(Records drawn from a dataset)
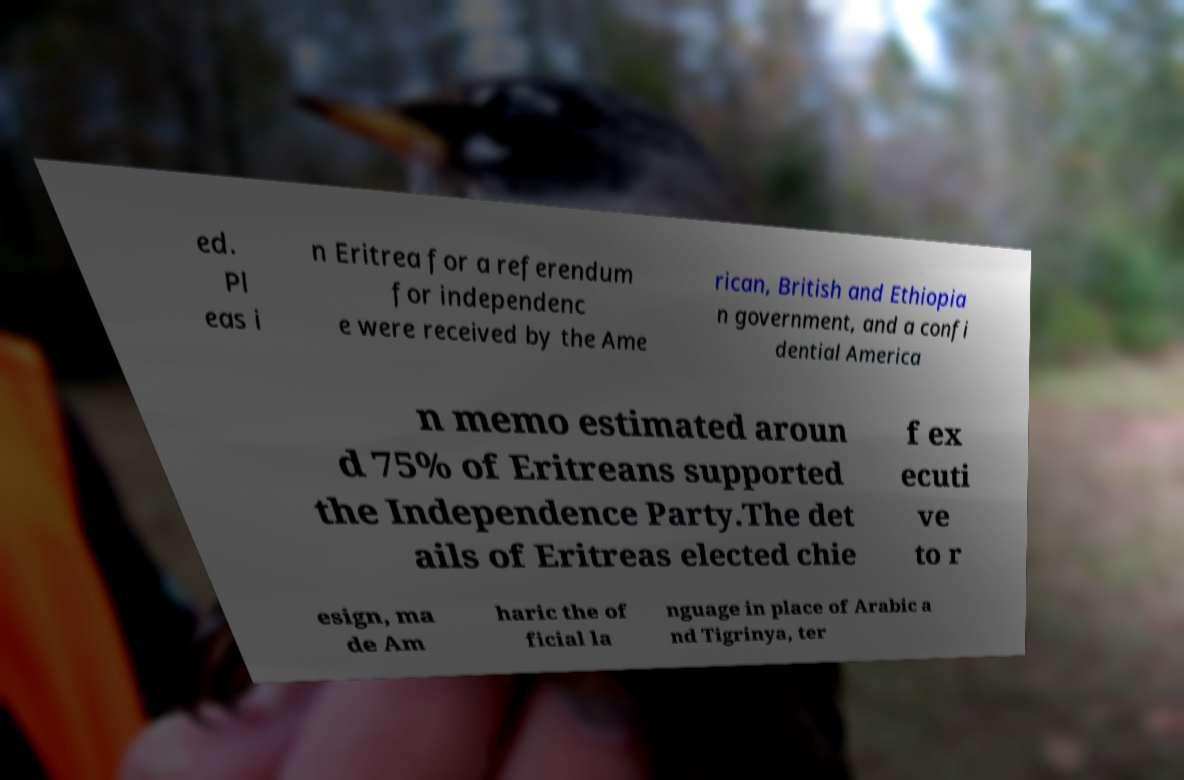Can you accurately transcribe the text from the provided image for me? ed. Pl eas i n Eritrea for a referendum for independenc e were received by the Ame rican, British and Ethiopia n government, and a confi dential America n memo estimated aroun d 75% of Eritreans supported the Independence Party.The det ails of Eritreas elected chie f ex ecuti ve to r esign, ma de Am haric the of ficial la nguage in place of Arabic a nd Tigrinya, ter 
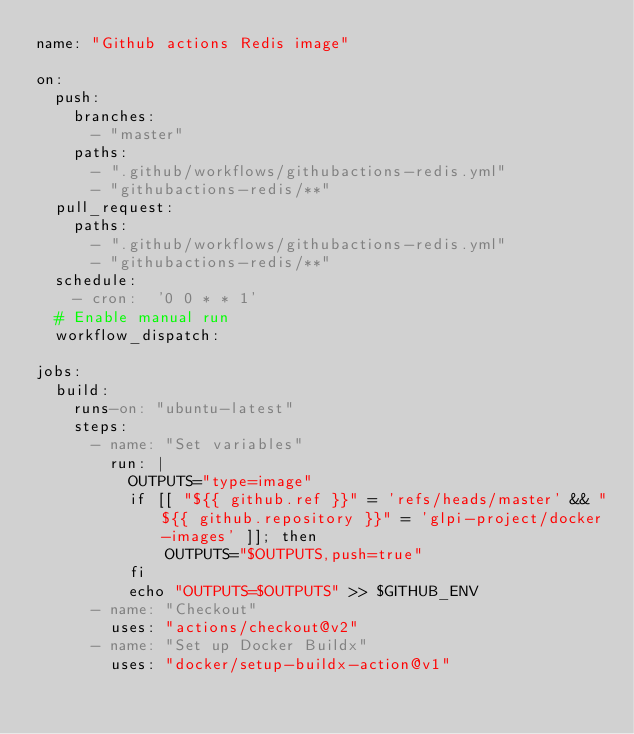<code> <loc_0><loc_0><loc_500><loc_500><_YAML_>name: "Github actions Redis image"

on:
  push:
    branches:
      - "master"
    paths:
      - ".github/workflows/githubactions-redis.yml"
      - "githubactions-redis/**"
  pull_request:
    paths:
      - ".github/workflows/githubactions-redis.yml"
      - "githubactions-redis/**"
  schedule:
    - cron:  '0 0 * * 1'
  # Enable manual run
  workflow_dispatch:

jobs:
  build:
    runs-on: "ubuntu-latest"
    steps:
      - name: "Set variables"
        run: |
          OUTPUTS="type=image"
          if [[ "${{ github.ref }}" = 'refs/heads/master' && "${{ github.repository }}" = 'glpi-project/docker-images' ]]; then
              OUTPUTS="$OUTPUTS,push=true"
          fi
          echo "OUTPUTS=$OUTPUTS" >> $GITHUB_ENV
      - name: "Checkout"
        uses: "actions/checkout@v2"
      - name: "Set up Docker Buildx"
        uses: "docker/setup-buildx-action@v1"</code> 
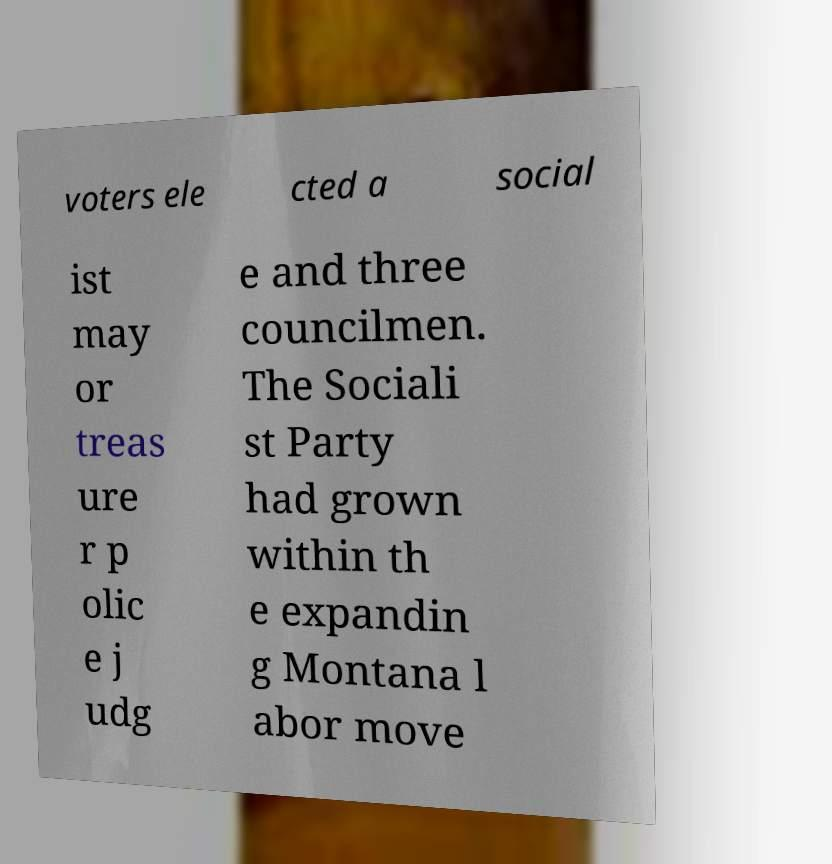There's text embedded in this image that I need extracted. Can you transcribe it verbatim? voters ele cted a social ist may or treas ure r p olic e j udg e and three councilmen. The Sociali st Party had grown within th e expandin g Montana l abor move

• ASSIGNMENT
Find and copy each line above holding "uses".

• SOLUTION FOR THIS TASK
        uses: "actions/checkout@v2"
        uses: "docker/setup-buildx-action@v1"</code> 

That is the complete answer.